Finansman gider kısıtlaması konularına devam ediyorum. Bugünün konusu, finansman giderlerinin yanı sıra finansman geliri de elde etmiş olanların, kısıtlamaya tabi gider tutarı.
Konunun özeti
Konuya, yasal düzenlemeyi bir kere daha hatırlatarak başlayayım.
Finansman gider kısıtlamasına ilişkin Kurumlar Vergisi Kanunu’nda yer alan hüküm, işletmede kullanılan yabancı kaynaklara ilişkin faiz, komisyon, vade farkı, kâr payı, kur farkı ve benzeri adlar altında yapılan gider ve maliyet unsurları toplamının, Cumhurbaşkanınca belirlenen kısmının gider yazılmamasını öngörüyor. Maddenin bugünün konusu açısından özeti bu, diğer ayrıntılara girmiyorum.
Konuya ilişkin olarak yayımlanan Genel Tebliğde;
- Finansman giderlerinin yanı sıra finansman geliri de elde etmiş olanların gider kısıtlaması uygulamasında gelir ve giderlerini birbiri ile mukayese etmek suretiyle netleştirmelerinin mümkün olmadığı, dolayısıyla finansman giderleri toplamının gider kısıtlamasına konu edilmesi gerektiği belirtildikten sonra, kısıtlı bir netleştirmeye izin verilmiş,
- Aynı kaynağa ilişkin olarak bir hesap dönemi içindeki aynı veya farklı geçici vergilendirme dönemlerinde oluşan kur farkı gelir ve giderlerinin mahsuplaştırılarak, bu kaynağa ilişkin net kur farkı gideri doğması halinde bu tutarın finansman gideri kısıtlamasında dikkate alınacağı belirtilmiş.
Tebliğde ayrıca;
- Aynı dönem içinde olsa bile farklı yabancı kaynaklara ilişkin olarak oluşan kur farkı gelirleri ile kur farkı giderlerinin birlikte değerlendirilmesinin mümkün olmadığı,
- Temin edilen yabancı kaynağın mevduat vb. şekillerde değerlendirilmesi sonucu doğacak kur farkı geliri şirketin bilançosunun aktifinde yer alan bir varlığın değerlemesi sonucu oluştuğu için, yabancı kaynağa ilişkin kur farkı giderinden mahsup edilemeyeceği,
açıklanmış.
Geçmiş deneyimler ne diyor?
Önceki makalelerde de belirtmiştim, benzer finansman gider kısıtlaması uygulaması 1996-2003 yılları arasında da yapıldı. Finansman gideri yanında finansman geliri de elde edenlerin, kısıtlamaya tabi gider tutarının tespitinde gider ve gelirlerin birbirinden mahsup edilip edilmeyeceği o yıllarda da tartışıldı.

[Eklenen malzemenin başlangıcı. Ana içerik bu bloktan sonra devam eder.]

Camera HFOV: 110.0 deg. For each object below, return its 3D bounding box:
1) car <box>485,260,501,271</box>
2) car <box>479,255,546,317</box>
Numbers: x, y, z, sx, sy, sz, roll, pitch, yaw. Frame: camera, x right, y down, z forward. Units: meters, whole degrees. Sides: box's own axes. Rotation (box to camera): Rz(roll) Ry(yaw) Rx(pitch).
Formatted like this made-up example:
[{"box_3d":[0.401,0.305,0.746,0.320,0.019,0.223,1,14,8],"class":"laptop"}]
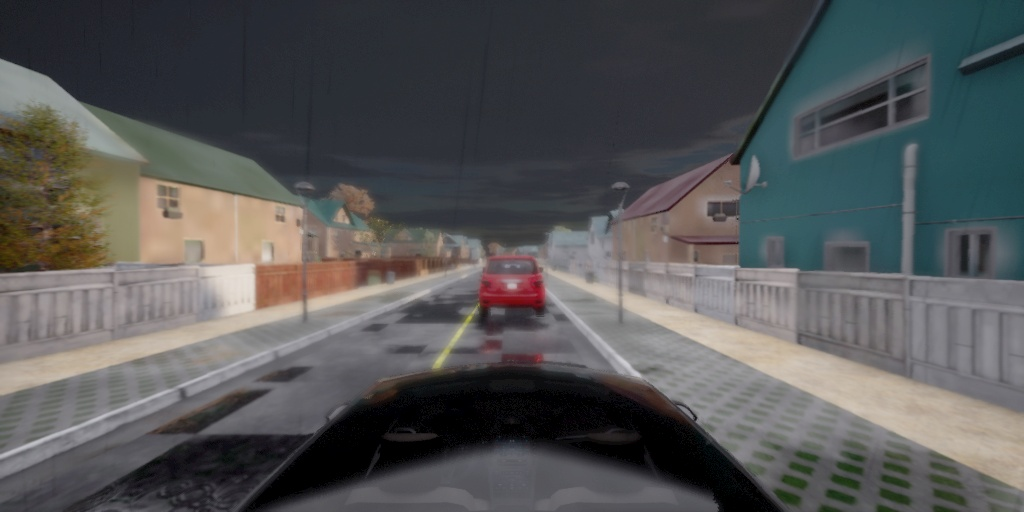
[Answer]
[{"box_3d":[-2.783,1.350,54.309,2.128,1.511,4.902,0,0,1],"class":"car"},{"box_3d":[0.035,0.995,13.491,2.150,2.045,5.566,0,0,1],"class":"car"}]
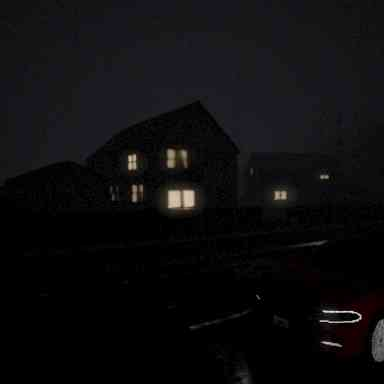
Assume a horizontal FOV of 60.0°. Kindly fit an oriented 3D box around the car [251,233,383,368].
[{"bbox_3d":[3.247,1.526,6.003,5.008,1.535,1.882,1,0,-36],"label":"car"}]
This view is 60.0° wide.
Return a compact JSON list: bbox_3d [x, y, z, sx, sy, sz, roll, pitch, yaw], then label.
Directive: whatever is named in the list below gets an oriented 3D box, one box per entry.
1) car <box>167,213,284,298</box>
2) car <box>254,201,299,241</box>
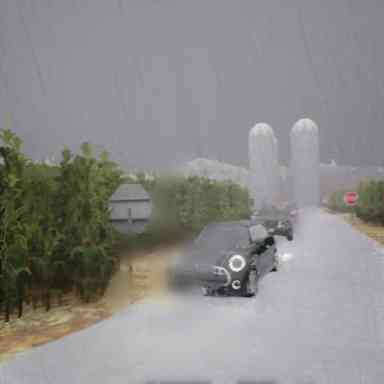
[{"bbox_3d":[1.084,1.673,9.571,2.097,1.767,4.553,-2,-2,24],"label":"car"},{"bbox_3d":[5.170,1.764,20.501,2.150,2.045,5.566,-2,-2,19],"label":"car"}]
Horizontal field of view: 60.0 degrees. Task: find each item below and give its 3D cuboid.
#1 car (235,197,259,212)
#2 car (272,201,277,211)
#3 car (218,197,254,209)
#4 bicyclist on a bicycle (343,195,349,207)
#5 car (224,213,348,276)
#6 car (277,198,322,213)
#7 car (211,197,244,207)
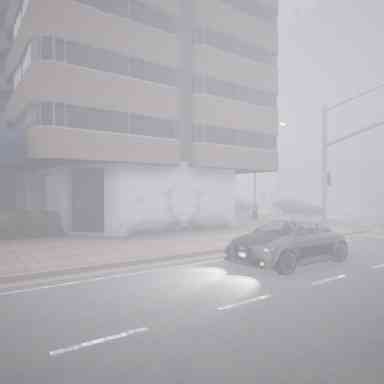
[{"bbox_3d":[5.921,1.564,39.341,1.994,1.385,4.181,0,0,-35],"label":"car"},{"bbox_3d":[11.441,1.478,37.687,1.882,1.535,5.008,0,0,-36],"label":"car"},{"bbox_3d":[5.911,1.491,45.307,2.128,1.511,4.902,0,0,-36],"label":"car"},{"bbox_3d":[22.058,1.301,47.707,1.656,1.620,0.582,0,0,-36],"label":"bicyclist on a bicycle"},{"bbox_3d":[3.025,1.564,10.442,4.181,1.385,1.994,0,0,-35],"label":"car"},{"bbox_3d":[10.847,1.564,32.549,1.994,1.385,4.181,0,0,-36],"label":"car"},{"bbox_3d":[5.454,1.547,52.211,2.033,1.411,5.357,0,0,-36],"label":"car"}]
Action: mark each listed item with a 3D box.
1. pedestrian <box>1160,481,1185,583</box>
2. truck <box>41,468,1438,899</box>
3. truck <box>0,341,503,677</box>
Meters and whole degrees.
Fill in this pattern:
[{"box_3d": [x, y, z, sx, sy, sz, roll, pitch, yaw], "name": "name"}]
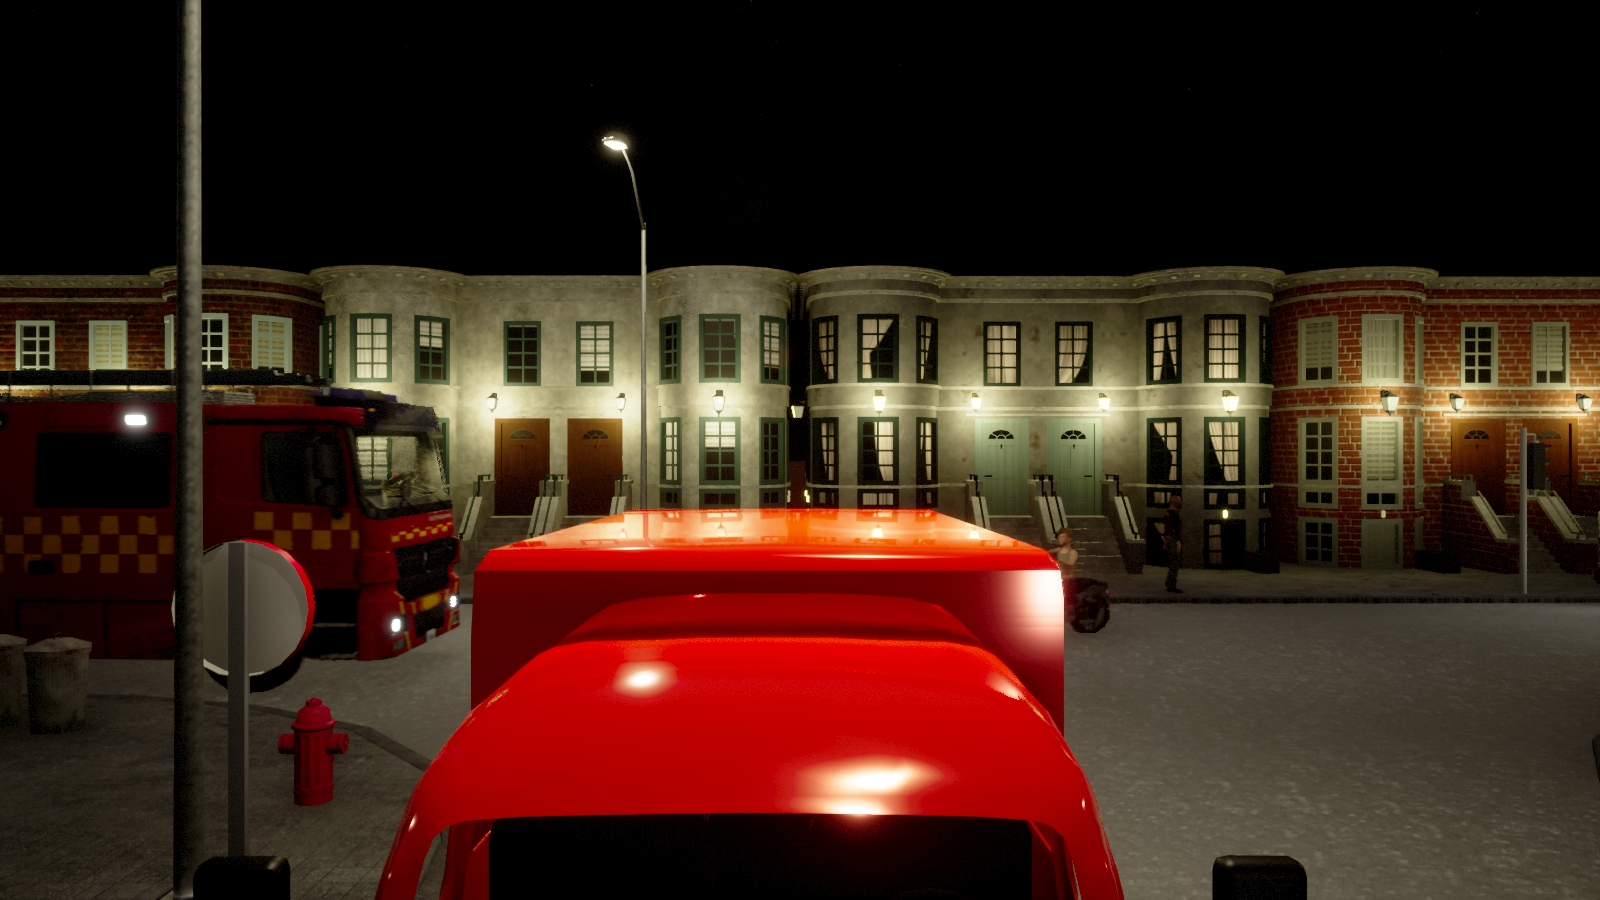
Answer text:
[{"box_3d": [6.970, 1.524, 21.368, 0.375, 1.860, 0.375, 0, 0, 7], "name": "pedestrian"}, {"box_3d": [-0.117, 1.348, 4.749, 2.627, 2.467, 5.204, 0, 0, 0], "name": "truck"}, {"box_3d": [-8.394, 0.670, 14.532, 8.468, 3.827, 2.891, 0, 0, 1], "name": "truck"}]

Konuyla ilgili olarak yayımlanan 55 seri no.lu Kurumlar Vergisi Genel Tebliği’nde, finansman giderlerinin yanısıra finansman geliri de elde etmiş olan mükelleflerin gider kısıtlaması uygulamasında sözkonusu gelir ve giderlerini birbiri ile mukayese etmek suretiyle netleştirmelerinin mümkün olmadığı, finansman giderleri toplamının gider kısıtlamasına konu edilmesi gerektiği açıklaması yapılmıştı.
Tebliğde yer alan bu açıklama o yıllarda iptal davasına konu oldu.
Davaya bakan Danıştay Dördüncü Dairesi, 27.10.1997 tarih ve E:1997/771 K:1997/3795 sayılı Kararıyla, Tebliğde yer alan açıklamayı iptal etti. Kararın gerekçesinde, finansman geliri sağlamayı ana faaliyet konusu edinmemiş bir firma bakımından, bu firmadaki repo, vade farkı, kur farkı, faiz gibi finansman nitelikli gelirlerin gerçekte bir gelir unsuru olmaktan çok, mevcut finansman giderleri yükünü azaltan faktörler olduğu, dolayısıyla firmanın gerçek finansman giderini tespit edebilmek için finansman giderlerinden bu giderin etkisini azaltan finansman gelirlerinin indirilmesi gerekli olduğu belirtilmiş ve Tebliğde yer alan açıklama iptal edilmişti.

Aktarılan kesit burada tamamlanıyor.